The cost of flourishing naturally

The Dynamics of Deforestation and Economic Growth in the Brazilian Amazon

February 6, 2004

This book addresses two important questions in the emerging global effort at sustainable development. How did the intertwined processes of deforestation and economic development proceed in the Brazilian Amazon in the late 20th century, and what sorts of opportunities for sustainable development does this historical record suggest for this century? The authors provide answers to these questions through quantitative analyses of recent changes in economic activity and forests in the 257 municipalities that make up the Brazilian Amazon.

The first four chapters set the context for the quantitative analyses. After a brief introduction discussing economic development in regions with tropical rainforests, the authors provide a geographical and historical summary of efforts by the Brazilian government to develop the Amazon basin since the 1960s.

The subsequent chapters present the quantitative analyses. The first looks at the incomes people earn from collecting commercially valuable non-timber forest products such as brazil nuts. The authors next analyse the impact that events such as road-building and paving had on forest clearing rates from 1980 to 1995. They then estimate the increments in carbon emissions caused by forest clearing. The last of these four chapters creates a balance sheet for the region that compares economic gains with environmental costs. The book concludes with a discussion of policies that would promote economic growth without destroying more forest.
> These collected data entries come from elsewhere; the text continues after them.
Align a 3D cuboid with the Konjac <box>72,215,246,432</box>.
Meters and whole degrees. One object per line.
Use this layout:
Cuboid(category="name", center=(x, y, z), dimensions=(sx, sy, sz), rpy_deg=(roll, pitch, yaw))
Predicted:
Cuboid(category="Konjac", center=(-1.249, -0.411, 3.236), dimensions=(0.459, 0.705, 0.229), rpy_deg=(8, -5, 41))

The quantitative analyses provide a wealth of insights into the deforestation-development dynamic. The analyses of extractive activities document and explain for the first time the large intraregional differences in income from non-timber forest products. The analyses of forest clearing establish that the drivers of forest destruction have become increasingly local over time. Federal policy-makers authorised the construction of the penetration roads that accounted for most deforestation before 1980. Local coalitions of businessmen, landowners and politicians pressed for the construction of the feeder roads that spurred most forest clearing after 1985.
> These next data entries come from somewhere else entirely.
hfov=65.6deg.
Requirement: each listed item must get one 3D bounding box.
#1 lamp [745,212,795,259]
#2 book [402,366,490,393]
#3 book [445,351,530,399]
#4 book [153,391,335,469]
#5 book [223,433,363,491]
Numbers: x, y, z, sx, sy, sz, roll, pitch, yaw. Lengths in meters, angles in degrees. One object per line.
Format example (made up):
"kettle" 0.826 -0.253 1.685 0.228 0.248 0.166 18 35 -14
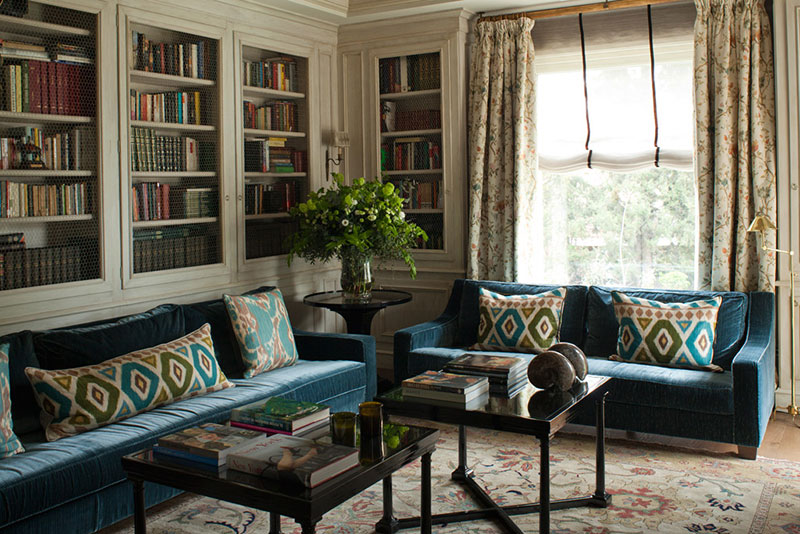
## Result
"lamp" 2.783 -0.223 4.651 0.320 0.360 0.433 5 11 30
"book" 0.284 0.660 3.606 0.356 0.062 0.319 -1 0 34
"book" 0.522 0.630 3.674 0.288 0.083 0.280 4 10 39
"book" -0.718 0.766 2.906 0.349 0.069 0.545 3 7 42
"book" -0.453 0.845 2.706 0.461 0.074 0.464 4 -1 35

The analysis of carbon emissions from deforestation estimates, for the first time, the increases in stocks of carbon that occur when recently cleared land reverts to secondary growth. Finally, simulations of the economic benefits from environmental destruction in the Amazon suggest the possibility of a "win-win" scenario in which a policy of road building and paving in already deforested areas produces more economic benefits for the region's residents while reducing deforestation.

The book's only weakness stems from the authors' complete reliance on the municipal data set in arguing their case. Their models indicate, for example, that road paving reduces deforestation by raising the price of land to the point where landowners have to intensify agriculture along paved roads to pay for the land. The concentration of capital and labour along the newly paved roads makes them less available for forest clearing in more remote locations, and these dynamics reduce the overall deforestation rate.

Following this logic, the authors argue that Avanca Brazil, the road-building and paving programme for the Brazilian Amazon, will induce little additional land clearing. The authors offer no concrete examples of the forest-saving effects of road paving, yet there are several well-known examples of the contrary effect, most notably the World Bank-financed Polonoroeste programme.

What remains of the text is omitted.